В те же дни открыт был опаснейший заговор Черных, имевший целью мнимое «умиротворение» города – действительный разгром Белых, с помощью папы Бонифация VIII и, призванного им, чужеземного хищника, Карла Валуа, брата французского короля, Филиппа Красивого. Страх и смятение в городе усилились этим так, что он «весь взялся за оружие»[33].
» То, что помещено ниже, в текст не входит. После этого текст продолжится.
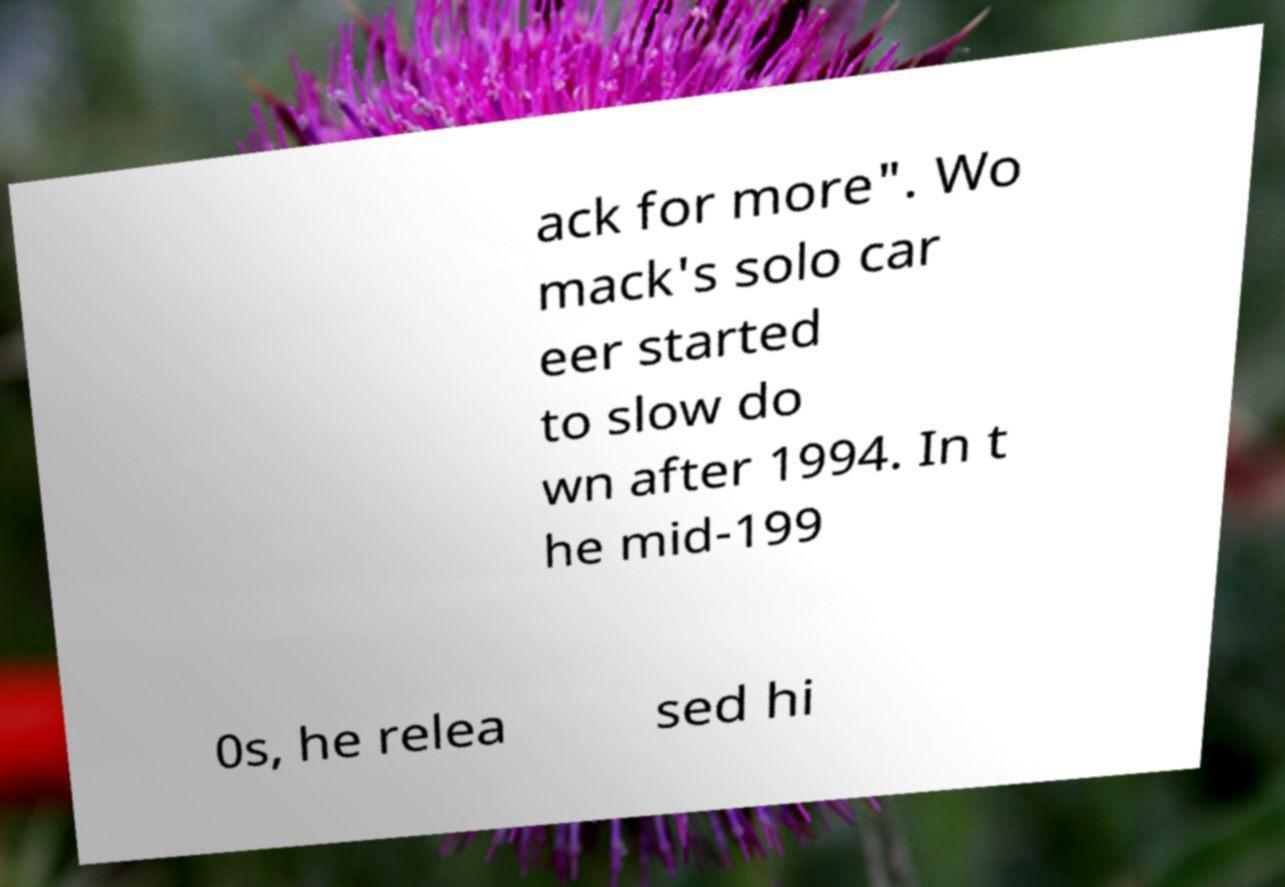Could you assist in decoding the text presented in this image and type it out clearly? ack for more". Wo mack's solo car eer started to slow do wn after 1994. In t he mid-199 0s, he relea sed hi 
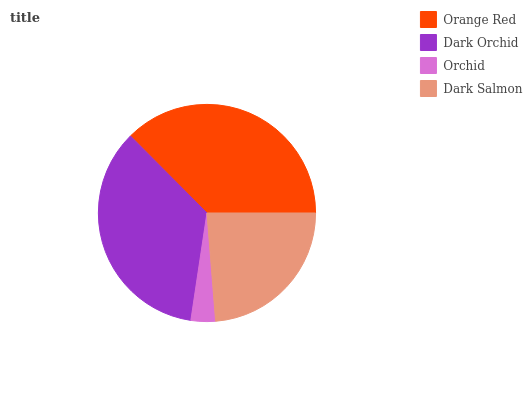Is Orchid the minimum?
Answer yes or no. Yes. Is Orange Red the maximum?
Answer yes or no. Yes. Is Dark Orchid the minimum?
Answer yes or no. No. Is Dark Orchid the maximum?
Answer yes or no. No. Is Orange Red greater than Dark Orchid?
Answer yes or no. Yes. Is Dark Orchid less than Orange Red?
Answer yes or no. Yes. Is Dark Orchid greater than Orange Red?
Answer yes or no. No. Is Orange Red less than Dark Orchid?
Answer yes or no. No. Is Dark Orchid the high median?
Answer yes or no. Yes. Is Dark Salmon the low median?
Answer yes or no. Yes. Is Dark Salmon the high median?
Answer yes or no. No. Is Orange Red the low median?
Answer yes or no. No.

Синьория решила воспользоваться случаем восстановить мир, обезглавив оба стана, Белых и Черных, ссылкой их главных вождей. Этот мудрый совет дан был новым Приором, Данте Алигьери. Первый и лучший друг его, Гвидо Кавальканти, оказался в числе изгнанных Белых[34]. «Друга своего лучшего не пожалел он для общего блага», или, говоря казенным красноречием тех дней, «друга заклал на алтаре Отечества», – таков общий смысл того, что говорят, или думают, или хотели бы думать об этом почти все жизнеописатели Данте, вслед за первым это сказавшим или подумавшим, Бруни[35]. Но если Данте нечто подобное и чувствовал, то недолго. Месяца через два-три, к удивлению всех и к негодованию Черных, Белым было позволено вернуться из ссылки, между тем как Черные продолжали в ней томиться. Это сделано было, вероятно, не без настояния Данте; так, по крайней мере, скажут впоследствии Черные, не преминув обвинить его в пристрастии к другу, Гвидо Кавальканти.